Community Commentary: At-risk kids get in touch with nature

September 05, 2011|By Carol Lawrence

As a new member of the Orange County Hiking Club, I'm used to climbing mountains. So a hike advertised for a recent Saturday, inviting members to walk with at-risk kids from a local children's advocacy agency, caught my eye.

The event, Kids in Need of Nature, was a walk in Crystal Cove State Park to introduce them to nature. I thought, "Now that's a different kind of challenge from scaling a 10,000-foot peak."

Curious to see how troubled kids might react to such a setting, I signed up. Would they be bored and have attitudes? Be shy and withdrawn?
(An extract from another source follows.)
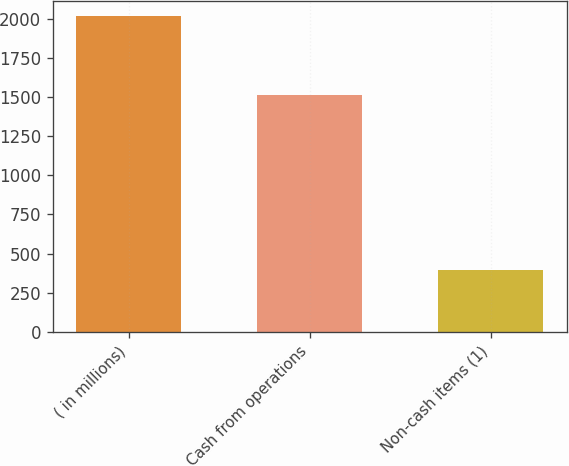<chart> <loc_0><loc_0><loc_500><loc_500><bar_chart><fcel>( in millions)<fcel>Cash from operations<fcel>Non-cash items (1)<nl><fcel>2015<fcel>1515<fcel>395<nl></chart>

Or would they be fascinated with creatures and plants that you only see miles away from city streets and homes, which they most likely never get a chance to do?


About 30 of us showed up to walk the rocky beach of Crystal Cove State Park. About eight kids roughly between the ages of 10 and 15 came along, each with a volunteer from the community agency, the Court Appointed Special Advocates of Orange County Inc., in Santa Ana.

Once we began investigating the tide pools on the beach, the kids who seemed indifferent in the parking lot, changed. All attitudes were gone as they intently watched, pointed and got exciting by the tiny — and some large — hermit crabs running back and forth under the kelp and the rocks.

I watched as K. — I'm using her first initial for confidentiality — ran along the water's edge and scooped up sea water to run it through her short, dark hair. When a hiker with the group yelled that she found a lobster shell, K. took off, shrieking like an 8-year-old. She didn't seem to be 17, her real age.

"The lowering of her stress level is what I've seen the most," said her CASA volunteer of four years, Lois Faist of San Clemente. "[These events] just make her week."

High stress is undoubtedly a major factor in the lives of kids in CASA's system. They have suffered the most serious neglect and abuse in their home life and, as a result, are in foster care. Most of them have been in the foster care system for at least six months, according to the agency website, by the time juvenile court judges have appointed a CASA volunteer to monitor and mentor a child, and advocate for a permanent, stable home.

A boy with a warm smile, E., used the event to learn how to interact with people. Saturday was his second Kids in Need of Nature activity. He returned because he made a friend in OC Club member Marko Peers of Fountain Valley.